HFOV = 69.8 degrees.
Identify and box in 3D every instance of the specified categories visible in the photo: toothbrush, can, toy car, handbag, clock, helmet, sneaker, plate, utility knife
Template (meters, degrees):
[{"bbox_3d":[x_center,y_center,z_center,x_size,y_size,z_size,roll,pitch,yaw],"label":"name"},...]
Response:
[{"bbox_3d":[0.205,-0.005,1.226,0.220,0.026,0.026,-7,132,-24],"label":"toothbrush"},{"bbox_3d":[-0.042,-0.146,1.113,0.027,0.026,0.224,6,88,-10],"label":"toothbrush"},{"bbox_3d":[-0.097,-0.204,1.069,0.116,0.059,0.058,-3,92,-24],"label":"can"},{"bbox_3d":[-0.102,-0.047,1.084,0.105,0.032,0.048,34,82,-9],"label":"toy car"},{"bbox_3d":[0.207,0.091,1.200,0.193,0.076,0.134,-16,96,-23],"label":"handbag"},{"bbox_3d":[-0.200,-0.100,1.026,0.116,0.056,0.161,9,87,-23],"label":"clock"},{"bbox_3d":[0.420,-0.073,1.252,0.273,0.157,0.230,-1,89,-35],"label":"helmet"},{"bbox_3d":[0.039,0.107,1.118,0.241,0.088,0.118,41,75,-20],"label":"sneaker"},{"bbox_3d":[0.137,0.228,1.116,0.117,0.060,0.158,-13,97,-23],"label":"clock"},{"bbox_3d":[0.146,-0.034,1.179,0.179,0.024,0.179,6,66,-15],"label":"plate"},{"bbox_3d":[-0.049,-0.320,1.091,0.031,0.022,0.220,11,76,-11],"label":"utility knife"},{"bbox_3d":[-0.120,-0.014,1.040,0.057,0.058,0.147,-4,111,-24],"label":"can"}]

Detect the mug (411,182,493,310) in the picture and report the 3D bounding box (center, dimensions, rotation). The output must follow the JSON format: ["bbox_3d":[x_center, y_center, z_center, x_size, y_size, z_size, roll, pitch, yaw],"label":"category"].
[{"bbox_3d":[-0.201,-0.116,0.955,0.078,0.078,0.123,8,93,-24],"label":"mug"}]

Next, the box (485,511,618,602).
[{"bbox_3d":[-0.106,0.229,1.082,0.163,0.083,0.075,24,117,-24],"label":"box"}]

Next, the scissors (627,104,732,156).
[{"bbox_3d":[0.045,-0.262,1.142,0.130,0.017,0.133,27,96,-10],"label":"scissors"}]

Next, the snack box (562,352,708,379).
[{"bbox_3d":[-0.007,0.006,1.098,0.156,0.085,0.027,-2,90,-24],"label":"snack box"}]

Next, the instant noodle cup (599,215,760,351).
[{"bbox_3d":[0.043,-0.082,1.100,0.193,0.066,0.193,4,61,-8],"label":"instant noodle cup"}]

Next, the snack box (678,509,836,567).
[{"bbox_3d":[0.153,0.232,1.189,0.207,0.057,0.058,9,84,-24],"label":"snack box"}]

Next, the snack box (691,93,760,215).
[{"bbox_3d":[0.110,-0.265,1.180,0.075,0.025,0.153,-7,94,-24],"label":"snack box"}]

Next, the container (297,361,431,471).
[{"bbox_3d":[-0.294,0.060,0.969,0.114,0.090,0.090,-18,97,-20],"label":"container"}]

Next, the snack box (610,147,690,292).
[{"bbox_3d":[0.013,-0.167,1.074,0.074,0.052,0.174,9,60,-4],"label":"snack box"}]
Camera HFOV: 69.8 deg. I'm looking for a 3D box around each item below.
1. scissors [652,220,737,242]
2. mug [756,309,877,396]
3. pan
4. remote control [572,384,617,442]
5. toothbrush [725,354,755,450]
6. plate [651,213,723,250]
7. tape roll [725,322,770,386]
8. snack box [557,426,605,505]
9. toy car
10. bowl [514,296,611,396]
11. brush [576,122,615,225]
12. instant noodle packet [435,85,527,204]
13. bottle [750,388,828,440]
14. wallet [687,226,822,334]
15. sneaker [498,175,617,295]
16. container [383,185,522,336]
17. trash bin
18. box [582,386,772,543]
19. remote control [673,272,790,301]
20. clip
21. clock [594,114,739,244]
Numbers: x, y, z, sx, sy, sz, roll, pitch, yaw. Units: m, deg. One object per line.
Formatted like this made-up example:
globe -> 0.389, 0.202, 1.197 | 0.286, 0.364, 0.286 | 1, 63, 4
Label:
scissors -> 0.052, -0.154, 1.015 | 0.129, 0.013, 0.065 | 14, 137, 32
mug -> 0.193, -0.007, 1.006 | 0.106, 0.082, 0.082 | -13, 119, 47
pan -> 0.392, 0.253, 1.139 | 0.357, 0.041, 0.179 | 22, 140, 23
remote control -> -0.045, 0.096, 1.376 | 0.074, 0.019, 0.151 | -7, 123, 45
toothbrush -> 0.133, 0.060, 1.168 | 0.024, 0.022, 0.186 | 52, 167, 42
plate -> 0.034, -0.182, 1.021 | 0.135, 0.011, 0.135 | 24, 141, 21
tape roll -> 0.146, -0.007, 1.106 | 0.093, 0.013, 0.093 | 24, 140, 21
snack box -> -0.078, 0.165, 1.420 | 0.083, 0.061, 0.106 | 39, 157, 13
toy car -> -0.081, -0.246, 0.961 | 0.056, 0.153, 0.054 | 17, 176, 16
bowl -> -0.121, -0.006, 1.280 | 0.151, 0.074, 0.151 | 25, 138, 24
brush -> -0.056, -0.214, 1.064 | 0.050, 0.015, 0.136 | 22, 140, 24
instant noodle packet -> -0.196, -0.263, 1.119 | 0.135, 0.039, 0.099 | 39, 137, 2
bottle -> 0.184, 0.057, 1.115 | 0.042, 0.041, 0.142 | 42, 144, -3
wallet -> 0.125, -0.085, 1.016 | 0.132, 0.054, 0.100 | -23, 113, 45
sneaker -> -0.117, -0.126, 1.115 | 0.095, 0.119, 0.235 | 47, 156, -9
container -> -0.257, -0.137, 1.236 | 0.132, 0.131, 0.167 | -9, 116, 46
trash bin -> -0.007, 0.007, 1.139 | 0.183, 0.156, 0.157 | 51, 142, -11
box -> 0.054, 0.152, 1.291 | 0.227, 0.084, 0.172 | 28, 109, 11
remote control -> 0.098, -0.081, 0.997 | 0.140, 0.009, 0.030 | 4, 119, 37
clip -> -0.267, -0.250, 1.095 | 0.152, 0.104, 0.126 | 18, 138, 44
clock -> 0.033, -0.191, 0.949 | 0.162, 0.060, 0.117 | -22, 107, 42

> **WORK ORDER**
Write out every entry exactly as given.

> **ANSWER FOR THIS EXERCISE**
HFOV = 69.8 degrees.
Identify and box in 3D every instance of the specified categories visible in the photo: toothbrush, can, toy car, handbag, clock, helmet, sneaker, plate, utility knife
Template (meters, degrees):
[{"bbox_3d":[x_center,y_center,z_center,x_size,y_size,z_size,roll,pitch,yaw],"label":"name"},...]
Response:
[{"bbox_3d":[0.205,-0.005,1.226,0.220,0.026,0.026,-7,132,-24],"label":"toothbrush"},{"bbox_3d":[-0.042,-0.146,1.113,0.027,0.026,0.224,6,88,-10],"label":"toothbrush"},{"bbox_3d":[-0.097,-0.204,1.069,0.116,0.059,0.058,-3,92,-24],"label":"can"},{"bbox_3d":[-0.102,-0.047,1.084,0.105,0.032,0.048,34,82,-9],"label":"toy car"},{"bbox_3d":[0.207,0.091,1.200,0.193,0.076,0.134,-16,96,-23],"label":"handbag"},{"bbox_3d":[-0.200,-0.100,1.026,0.116,0.056,0.161,9,87,-23],"label":"clock"},{"bbox_3d":[0.420,-0.073,1.252,0.273,0.157,0.230,-1,89,-35],"label":"helmet"},{"bbox_3d":[0.039,0.107,1.118,0.241,0.088,0.118,41,75,-20],"label":"sneaker"},{"bbox_3d":[0.137,0.228,1.116,0.117,0.060,0.158,-13,97,-23],"label":"clock"},{"bbox_3d":[0.146,-0.034,1.179,0.179,0.024,0.179,6,66,-15],"label":"plate"},{"bbox_3d":[-0.049,-0.320,1.091,0.031,0.022,0.220,11,76,-11],"label":"utility knife"},{"bbox_3d":[-0.120,-0.014,1.040,0.057,0.058,0.147,-4,111,-24],"label":"can"}]

Detect the mug (411,182,493,310) in the picture and report the 3D bounding box (center, dimensions, rotation). The output must follow the JSON format: ["bbox_3d":[x_center, y_center, z_center, x_size, y_size, z_size, roll, pitch, yaw],"label":"category"].
[{"bbox_3d":[-0.201,-0.116,0.955,0.078,0.078,0.123,8,93,-24],"label":"mug"}]

Next, the box (485,511,618,602).
[{"bbox_3d":[-0.106,0.229,1.082,0.163,0.083,0.075,24,117,-24],"label":"box"}]

Next, the scissors (627,104,732,156).
[{"bbox_3d":[0.045,-0.262,1.142,0.130,0.017,0.133,27,96,-10],"label":"scissors"}]

Next, the snack box (562,352,708,379).
[{"bbox_3d":[-0.007,0.006,1.098,0.156,0.085,0.027,-2,90,-24],"label":"snack box"}]

Next, the instant noodle cup (599,215,760,351).
[{"bbox_3d":[0.043,-0.082,1.100,0.193,0.066,0.193,4,61,-8],"label":"instant noodle cup"}]

Next, the snack box (678,509,836,567).
[{"bbox_3d":[0.153,0.232,1.189,0.207,0.057,0.058,9,84,-24],"label":"snack box"}]

Next, the snack box (691,93,760,215).
[{"bbox_3d":[0.110,-0.265,1.180,0.075,0.025,0.153,-7,94,-24],"label":"snack box"}]

Next, the container (297,361,431,471).
[{"bbox_3d":[-0.294,0.060,0.969,0.114,0.090,0.090,-18,97,-20],"label":"container"}]

Next, the snack box (610,147,690,292).
[{"bbox_3d":[0.013,-0.167,1.074,0.074,0.052,0.174,9,60,-4],"label":"snack box"}]
Camera HFOV: 69.8 deg. I'm looking for a 3D box around each item below.
1. scissors [652,220,737,242]
2. mug [756,309,877,396]
3. pan
4. remote control [572,384,617,442]
5. toothbrush [725,354,755,450]
6. plate [651,213,723,250]
7. tape roll [725,322,770,386]
8. snack box [557,426,605,505]
9. toy car
10. bowl [514,296,611,396]
11. brush [576,122,615,225]
12. instant noodle packet [435,85,527,204]
13. bottle [750,388,828,440]
14. wallet [687,226,822,334]
15. sneaker [498,175,617,295]
16. container [383,185,522,336]
17. trash bin
18. box [582,386,772,543]
19. remote control [673,272,790,301]
20. clip
21. clock [594,114,739,244]
Numbers: x, y, z, sx, sy, sz, roll, pitch, yaw. Units: m, deg. One object per line.
Formatted like this made-up example:
globe -> 0.389, 0.202, 1.197 | 0.286, 0.364, 0.286 | 1, 63, 4
Label:
scissors -> 0.052, -0.154, 1.015 | 0.129, 0.013, 0.065 | 14, 137, 32
mug -> 0.193, -0.007, 1.006 | 0.106, 0.082, 0.082 | -13, 119, 47
pan -> 0.392, 0.253, 1.139 | 0.357, 0.041, 0.179 | 22, 140, 23
remote control -> -0.045, 0.096, 1.376 | 0.074, 0.019, 0.151 | -7, 123, 45
toothbrush -> 0.133, 0.060, 1.168 | 0.024, 0.022, 0.186 | 52, 167, 42
plate -> 0.034, -0.182, 1.021 | 0.135, 0.011, 0.135 | 24, 141, 21
tape roll -> 0.146, -0.007, 1.106 | 0.093, 0.013, 0.093 | 24, 140, 21
snack box -> -0.078, 0.165, 1.420 | 0.083, 0.061, 0.106 | 39, 157, 13
toy car -> -0.081, -0.246, 0.961 | 0.056, 0.153, 0.054 | 17, 176, 16
bowl -> -0.121, -0.006, 1.280 | 0.151, 0.074, 0.151 | 25, 138, 24
brush -> -0.056, -0.214, 1.064 | 0.050, 0.015, 0.136 | 22, 140, 24
instant noodle packet -> -0.196, -0.263, 1.119 | 0.135, 0.039, 0.099 | 39, 137, 2
bottle -> 0.184, 0.057, 1.115 | 0.042, 0.041, 0.142 | 42, 144, -3
wallet -> 0.125, -0.085, 1.016 | 0.132, 0.054, 0.100 | -23, 113, 45
sneaker -> -0.117, -0.126, 1.115 | 0.095, 0.119, 0.235 | 47, 156, -9
container -> -0.257, -0.137, 1.236 | 0.132, 0.131, 0.167 | -9, 116, 46
trash bin -> -0.007, 0.007, 1.139 | 0.183, 0.156, 0.157 | 51, 142, -11
box -> 0.054, 0.152, 1.291 | 0.227, 0.084, 0.172 | 28, 109, 11
remote control -> 0.098, -0.081, 0.997 | 0.140, 0.009, 0.030 | 4, 119, 37
clip -> -0.267, -0.250, 1.095 | 0.152, 0.104, 0.126 | 18, 138, 44
clock -> 0.033, -0.191, 0.949 | 0.162, 0.060, 0.117 | -22, 107, 42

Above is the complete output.